Вопрос о чумной заразе остался открытым.
Вторым выступил суетливый старик, химик, которому удалось разрешить проблему питания.
— Дайте мне горсть земли, и я в этой горсти выращу вам бобы в 27 часов! Германии не страшна больше никакая блокада! Правда, она будет сидеть на бобах, но наши хозяйки постараются приготовить их повкуснее.
Наибольший успех выпал на долю электротехника, который изобрел омега-лучи, убивающие, взрывающие и даже сплавляющие металлы на расстоянии.

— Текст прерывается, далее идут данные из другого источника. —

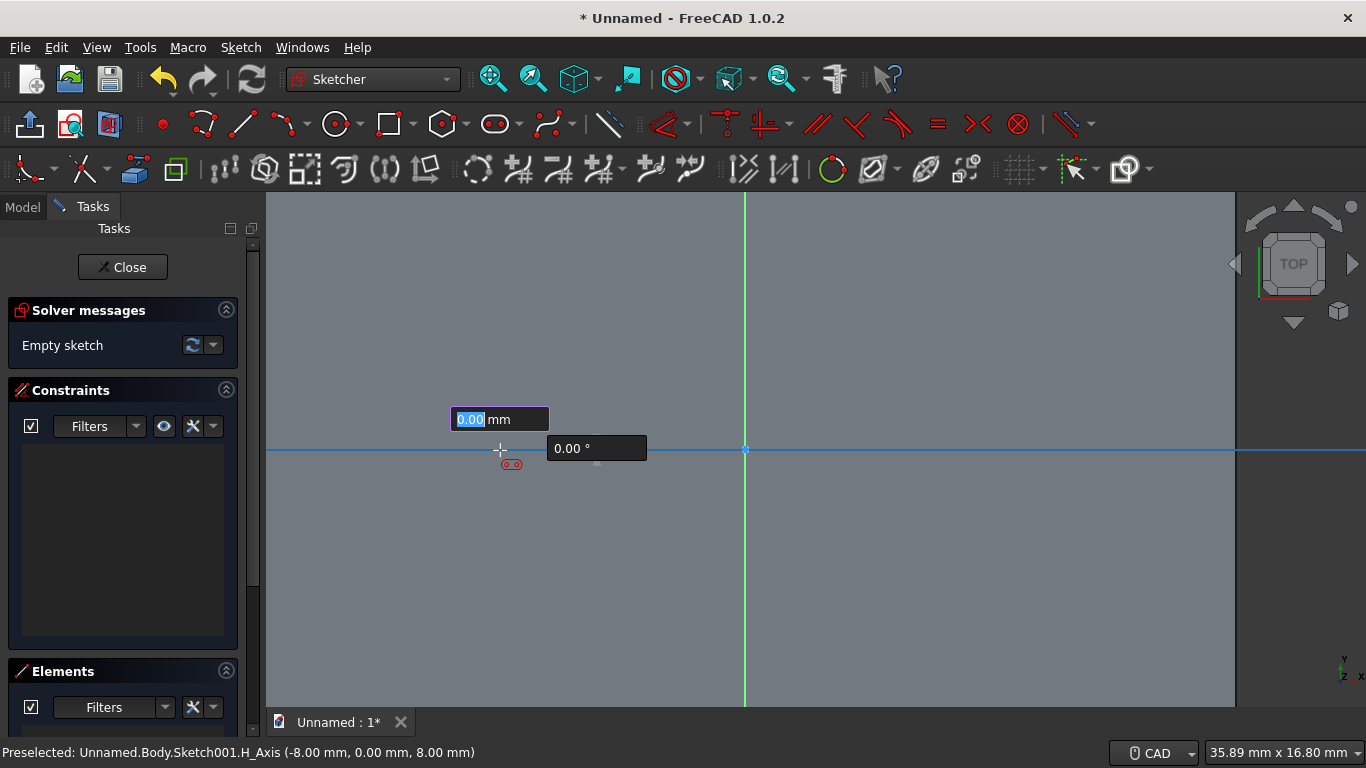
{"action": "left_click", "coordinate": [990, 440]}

— Отныне Германия — царица мира!
Собрание пришло в неистовый восторг.
В этот момент ворвался какой-то бледный господин, протолкался на кафедру и стуча кулаками, о чем-то отчаянно кричал. Но за шумом ничего не было слышно, а его двигающийся, как у вынутой из воды рыбы рот, возбуждал даже смех.
Только когда господин хватил графином об пол, шум стал стихать и выделился охрипший голос оратора.
— Несчастье! Несчастье! — кричал он. — Мы можем погибнуть! Враги опередили нас!
Эти слова заставили всех насторожиться.
— Мне удалось расшифровать радиотелеграмму, посланную из Лондона в Париж. Из неё я узнал, что наши изобретения раскрыты, что враги обладают нашими секретами, — больше того, они успели изобрести изоляторы для охраны себя от омега-лучей, и если мы пустим в ход эти лучи, они сделают то же, и вся наша страна обратится в одно сплошное кладбище! Ах...
Господин хотел ещё что-то сказать, но голос у него оборвался и он опустился в изнеможении.
Точно омега-лучи прошли по собранию, такое вдруг гробовое молчание наступило, так мертвенно-бледны стали лица.
Шатающейся походкой подошел к кафедре грузный старик, который открывал собрание, и прерывающимся голосом скореe прохрипел, чем проговорил:
— Здесь... среди нас... измена!
Точно кратер выбросил лаву... всё слилось в один сплошной рев... Так длилось несколько минут, потом все стали подозрительно осматривать друг друга.
Вдруг на меня уставился мой знакомый, с которым я разговаривал в пивной. Лицо его исказилось злобой и он крикнул, указывая на меня рукой:
— Русский шпион!
Я не люблю, когда на меня обращают внимание, и потому я хотел скромно уйти, но в мое пальто сразу вцепился добрый десяток рук.
Меня стали так тормошить, что... нельзя было не проснуться.